■ PROVIDED RECORDS:

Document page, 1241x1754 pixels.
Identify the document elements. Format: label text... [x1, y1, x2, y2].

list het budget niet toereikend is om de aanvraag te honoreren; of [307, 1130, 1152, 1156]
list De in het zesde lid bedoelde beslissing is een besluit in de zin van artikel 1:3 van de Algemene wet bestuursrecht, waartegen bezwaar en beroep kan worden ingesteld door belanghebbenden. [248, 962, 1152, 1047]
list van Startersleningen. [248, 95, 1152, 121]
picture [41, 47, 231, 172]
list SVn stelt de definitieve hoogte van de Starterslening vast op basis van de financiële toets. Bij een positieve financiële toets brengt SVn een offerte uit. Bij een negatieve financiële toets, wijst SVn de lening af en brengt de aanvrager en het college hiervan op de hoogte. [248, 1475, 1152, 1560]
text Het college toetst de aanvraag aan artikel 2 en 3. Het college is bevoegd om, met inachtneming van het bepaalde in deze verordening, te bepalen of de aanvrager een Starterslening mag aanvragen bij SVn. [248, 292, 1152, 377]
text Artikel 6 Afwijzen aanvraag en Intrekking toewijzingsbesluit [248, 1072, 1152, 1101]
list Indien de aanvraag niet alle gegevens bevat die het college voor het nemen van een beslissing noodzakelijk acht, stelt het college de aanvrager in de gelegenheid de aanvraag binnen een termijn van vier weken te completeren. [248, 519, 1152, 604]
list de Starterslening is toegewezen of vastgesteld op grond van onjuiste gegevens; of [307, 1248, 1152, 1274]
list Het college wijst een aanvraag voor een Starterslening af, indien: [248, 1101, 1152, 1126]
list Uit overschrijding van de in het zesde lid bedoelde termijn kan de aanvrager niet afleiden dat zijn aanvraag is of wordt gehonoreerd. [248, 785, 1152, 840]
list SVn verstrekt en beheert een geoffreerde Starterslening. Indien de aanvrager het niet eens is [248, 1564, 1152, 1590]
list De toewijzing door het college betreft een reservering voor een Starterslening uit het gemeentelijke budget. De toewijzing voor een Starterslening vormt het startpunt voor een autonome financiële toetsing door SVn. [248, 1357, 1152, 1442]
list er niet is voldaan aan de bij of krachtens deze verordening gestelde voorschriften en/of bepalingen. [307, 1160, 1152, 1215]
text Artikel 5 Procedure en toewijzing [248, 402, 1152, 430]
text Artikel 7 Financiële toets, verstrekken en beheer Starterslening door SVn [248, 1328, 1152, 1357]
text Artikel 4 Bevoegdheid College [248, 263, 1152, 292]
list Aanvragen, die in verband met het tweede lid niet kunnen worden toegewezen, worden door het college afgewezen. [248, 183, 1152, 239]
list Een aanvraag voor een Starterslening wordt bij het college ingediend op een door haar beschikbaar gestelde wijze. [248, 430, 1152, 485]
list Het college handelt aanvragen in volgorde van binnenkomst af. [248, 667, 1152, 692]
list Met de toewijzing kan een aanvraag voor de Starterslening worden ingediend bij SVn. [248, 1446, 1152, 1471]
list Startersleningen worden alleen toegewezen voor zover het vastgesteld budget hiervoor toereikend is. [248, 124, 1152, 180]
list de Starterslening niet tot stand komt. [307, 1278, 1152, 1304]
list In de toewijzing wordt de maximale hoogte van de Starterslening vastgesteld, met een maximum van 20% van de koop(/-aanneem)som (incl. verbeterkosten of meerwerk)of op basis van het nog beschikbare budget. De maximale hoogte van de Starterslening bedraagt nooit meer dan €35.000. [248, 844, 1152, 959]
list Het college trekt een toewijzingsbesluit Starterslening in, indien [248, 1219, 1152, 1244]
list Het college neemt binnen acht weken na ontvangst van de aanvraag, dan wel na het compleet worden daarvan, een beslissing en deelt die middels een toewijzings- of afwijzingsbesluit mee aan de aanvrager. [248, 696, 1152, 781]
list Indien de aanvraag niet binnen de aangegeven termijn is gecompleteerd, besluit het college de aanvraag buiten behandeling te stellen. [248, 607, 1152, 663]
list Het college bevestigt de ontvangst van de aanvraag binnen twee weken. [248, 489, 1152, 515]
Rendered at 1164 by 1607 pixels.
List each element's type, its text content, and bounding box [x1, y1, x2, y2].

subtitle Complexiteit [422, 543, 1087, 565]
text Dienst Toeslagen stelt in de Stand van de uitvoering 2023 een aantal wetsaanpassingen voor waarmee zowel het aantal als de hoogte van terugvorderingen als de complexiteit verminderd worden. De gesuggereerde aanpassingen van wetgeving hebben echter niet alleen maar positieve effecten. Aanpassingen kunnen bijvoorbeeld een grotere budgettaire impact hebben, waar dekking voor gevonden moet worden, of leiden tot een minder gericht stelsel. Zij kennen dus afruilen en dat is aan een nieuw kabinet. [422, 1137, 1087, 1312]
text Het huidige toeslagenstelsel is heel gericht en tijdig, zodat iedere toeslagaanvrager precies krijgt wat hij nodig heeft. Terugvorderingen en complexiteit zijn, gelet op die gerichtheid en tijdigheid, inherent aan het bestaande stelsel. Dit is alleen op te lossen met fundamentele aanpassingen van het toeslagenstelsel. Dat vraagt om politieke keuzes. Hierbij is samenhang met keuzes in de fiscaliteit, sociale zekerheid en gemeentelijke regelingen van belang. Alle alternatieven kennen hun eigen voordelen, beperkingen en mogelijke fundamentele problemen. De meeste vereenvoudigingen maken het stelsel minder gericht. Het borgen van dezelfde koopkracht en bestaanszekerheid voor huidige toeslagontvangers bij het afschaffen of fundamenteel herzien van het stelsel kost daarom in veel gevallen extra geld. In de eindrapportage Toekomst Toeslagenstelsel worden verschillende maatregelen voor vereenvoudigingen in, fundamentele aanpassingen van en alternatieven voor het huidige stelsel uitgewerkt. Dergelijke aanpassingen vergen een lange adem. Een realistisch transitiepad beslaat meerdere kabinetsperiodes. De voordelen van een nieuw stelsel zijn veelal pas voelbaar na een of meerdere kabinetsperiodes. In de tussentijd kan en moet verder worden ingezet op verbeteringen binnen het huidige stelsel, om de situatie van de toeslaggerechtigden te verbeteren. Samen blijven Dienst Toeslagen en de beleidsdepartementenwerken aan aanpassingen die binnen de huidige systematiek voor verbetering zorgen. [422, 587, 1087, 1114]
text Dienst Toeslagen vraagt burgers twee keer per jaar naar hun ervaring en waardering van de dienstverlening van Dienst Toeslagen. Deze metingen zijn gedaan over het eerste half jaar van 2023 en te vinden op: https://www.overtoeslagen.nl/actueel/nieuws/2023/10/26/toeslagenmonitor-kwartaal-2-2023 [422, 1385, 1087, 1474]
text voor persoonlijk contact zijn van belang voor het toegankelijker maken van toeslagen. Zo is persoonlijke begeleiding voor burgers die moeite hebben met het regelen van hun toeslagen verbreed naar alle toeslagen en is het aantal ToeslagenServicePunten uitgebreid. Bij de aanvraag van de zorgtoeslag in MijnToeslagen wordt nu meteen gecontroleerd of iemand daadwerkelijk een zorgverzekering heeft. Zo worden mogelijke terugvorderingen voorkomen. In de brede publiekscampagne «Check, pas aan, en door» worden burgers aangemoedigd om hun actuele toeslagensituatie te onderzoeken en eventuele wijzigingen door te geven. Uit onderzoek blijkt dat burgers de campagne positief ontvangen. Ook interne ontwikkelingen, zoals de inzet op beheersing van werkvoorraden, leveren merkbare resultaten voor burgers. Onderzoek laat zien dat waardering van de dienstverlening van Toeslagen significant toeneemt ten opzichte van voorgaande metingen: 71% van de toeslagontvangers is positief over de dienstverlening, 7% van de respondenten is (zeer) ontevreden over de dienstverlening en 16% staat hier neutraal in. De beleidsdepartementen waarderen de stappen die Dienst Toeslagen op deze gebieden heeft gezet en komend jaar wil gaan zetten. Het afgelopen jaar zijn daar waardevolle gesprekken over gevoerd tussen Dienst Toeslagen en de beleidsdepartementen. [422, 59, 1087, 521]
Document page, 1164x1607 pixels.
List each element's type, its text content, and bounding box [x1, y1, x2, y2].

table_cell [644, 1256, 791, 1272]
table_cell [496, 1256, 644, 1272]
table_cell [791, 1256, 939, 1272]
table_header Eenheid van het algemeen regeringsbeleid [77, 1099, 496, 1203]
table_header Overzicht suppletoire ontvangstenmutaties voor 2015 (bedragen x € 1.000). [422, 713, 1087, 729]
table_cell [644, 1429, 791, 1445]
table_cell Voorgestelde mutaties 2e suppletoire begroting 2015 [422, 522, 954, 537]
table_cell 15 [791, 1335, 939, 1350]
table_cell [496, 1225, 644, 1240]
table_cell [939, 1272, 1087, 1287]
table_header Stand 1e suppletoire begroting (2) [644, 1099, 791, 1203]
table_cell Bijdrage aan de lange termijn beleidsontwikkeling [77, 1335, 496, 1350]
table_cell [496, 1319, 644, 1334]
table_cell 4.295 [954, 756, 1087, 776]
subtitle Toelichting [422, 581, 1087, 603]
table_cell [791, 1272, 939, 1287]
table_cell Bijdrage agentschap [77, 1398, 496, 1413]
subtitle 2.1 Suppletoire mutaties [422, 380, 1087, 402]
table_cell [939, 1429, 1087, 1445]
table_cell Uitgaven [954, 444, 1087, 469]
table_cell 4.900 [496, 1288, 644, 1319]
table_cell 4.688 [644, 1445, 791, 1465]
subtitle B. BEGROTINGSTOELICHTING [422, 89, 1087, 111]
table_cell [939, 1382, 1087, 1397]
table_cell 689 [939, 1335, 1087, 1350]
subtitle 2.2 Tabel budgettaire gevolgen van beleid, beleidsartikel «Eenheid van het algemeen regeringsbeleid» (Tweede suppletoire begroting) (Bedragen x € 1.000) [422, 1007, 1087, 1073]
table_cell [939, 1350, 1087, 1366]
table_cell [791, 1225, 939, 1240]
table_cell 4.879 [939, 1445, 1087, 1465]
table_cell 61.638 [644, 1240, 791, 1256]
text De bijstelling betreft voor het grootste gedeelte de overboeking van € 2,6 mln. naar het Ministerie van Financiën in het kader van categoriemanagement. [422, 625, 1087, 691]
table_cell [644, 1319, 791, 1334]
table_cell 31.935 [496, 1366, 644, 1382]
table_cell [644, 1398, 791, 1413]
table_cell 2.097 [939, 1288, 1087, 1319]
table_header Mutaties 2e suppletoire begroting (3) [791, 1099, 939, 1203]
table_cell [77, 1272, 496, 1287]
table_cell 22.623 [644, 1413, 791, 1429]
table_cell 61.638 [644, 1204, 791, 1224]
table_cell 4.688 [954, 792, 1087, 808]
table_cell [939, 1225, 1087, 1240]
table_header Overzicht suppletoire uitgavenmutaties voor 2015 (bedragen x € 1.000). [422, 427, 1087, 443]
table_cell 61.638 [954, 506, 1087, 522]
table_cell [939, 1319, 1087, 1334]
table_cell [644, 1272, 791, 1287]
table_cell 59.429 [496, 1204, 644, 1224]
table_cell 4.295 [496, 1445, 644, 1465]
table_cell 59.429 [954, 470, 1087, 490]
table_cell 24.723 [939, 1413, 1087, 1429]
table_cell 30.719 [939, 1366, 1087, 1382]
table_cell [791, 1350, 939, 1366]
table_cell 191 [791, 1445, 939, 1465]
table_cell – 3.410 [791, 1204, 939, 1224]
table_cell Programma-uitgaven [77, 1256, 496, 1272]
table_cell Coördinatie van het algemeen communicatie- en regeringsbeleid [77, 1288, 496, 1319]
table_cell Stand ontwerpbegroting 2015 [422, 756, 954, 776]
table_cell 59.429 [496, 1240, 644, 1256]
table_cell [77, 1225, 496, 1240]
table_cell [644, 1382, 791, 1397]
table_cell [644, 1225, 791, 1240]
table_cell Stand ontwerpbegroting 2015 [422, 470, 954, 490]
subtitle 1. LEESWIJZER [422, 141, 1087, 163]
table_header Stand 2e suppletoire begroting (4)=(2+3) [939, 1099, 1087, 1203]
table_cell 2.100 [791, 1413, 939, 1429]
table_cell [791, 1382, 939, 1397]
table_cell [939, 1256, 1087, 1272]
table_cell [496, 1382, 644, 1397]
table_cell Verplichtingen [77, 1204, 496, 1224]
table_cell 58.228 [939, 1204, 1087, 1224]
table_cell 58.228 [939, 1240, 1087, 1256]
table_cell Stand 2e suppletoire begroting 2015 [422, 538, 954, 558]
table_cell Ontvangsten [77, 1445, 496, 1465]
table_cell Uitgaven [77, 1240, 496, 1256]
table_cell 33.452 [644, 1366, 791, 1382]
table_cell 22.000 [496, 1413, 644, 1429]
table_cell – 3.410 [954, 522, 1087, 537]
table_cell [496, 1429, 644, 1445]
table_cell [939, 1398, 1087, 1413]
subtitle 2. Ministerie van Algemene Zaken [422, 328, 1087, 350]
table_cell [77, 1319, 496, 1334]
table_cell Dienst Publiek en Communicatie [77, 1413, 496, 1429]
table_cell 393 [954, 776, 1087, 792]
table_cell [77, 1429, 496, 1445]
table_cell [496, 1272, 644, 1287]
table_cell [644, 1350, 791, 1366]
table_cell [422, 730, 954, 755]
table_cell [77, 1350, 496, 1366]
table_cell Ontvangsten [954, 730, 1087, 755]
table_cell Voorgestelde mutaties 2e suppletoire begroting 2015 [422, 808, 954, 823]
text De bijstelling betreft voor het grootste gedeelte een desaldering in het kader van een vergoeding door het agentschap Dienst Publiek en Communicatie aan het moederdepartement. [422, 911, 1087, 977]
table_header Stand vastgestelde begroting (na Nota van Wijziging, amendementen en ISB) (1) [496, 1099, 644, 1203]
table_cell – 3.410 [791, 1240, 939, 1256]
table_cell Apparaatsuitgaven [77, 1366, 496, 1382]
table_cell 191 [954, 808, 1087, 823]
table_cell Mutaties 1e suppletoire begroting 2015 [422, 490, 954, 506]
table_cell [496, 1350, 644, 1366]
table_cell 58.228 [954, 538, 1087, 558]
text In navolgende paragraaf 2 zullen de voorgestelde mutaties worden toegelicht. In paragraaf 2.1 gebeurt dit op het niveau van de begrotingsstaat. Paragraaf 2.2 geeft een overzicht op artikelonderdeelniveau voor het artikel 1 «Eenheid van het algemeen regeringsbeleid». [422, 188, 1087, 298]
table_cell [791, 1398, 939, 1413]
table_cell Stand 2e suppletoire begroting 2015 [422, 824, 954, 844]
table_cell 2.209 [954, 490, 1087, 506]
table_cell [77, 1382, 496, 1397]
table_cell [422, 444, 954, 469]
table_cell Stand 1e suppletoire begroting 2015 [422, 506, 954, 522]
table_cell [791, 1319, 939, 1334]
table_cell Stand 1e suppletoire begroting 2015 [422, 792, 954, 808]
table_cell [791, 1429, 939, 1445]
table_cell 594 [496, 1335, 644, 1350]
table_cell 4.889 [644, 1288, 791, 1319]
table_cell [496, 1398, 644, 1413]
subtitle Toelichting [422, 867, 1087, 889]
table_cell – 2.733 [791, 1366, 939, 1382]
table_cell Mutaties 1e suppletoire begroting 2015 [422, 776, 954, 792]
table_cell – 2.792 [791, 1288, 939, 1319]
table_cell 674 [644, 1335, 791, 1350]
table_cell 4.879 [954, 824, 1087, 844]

■ PROBLEM DETAILS:
Reproduce exactly the section above that begins at the line containing "Rendered at 1164 by 1607 pixels." and ends at the line containing "subtitle Complexiteit [422, 543, 1087, 565]", leaving out all other lines.

■ EXPECTED OUTPUT:
Rendered at 1164 by 1607 pixels.
List each element's type, its text content, and bounding box [x1, y1, x2, y2].

subtitle Complexiteit [422, 543, 1087, 565]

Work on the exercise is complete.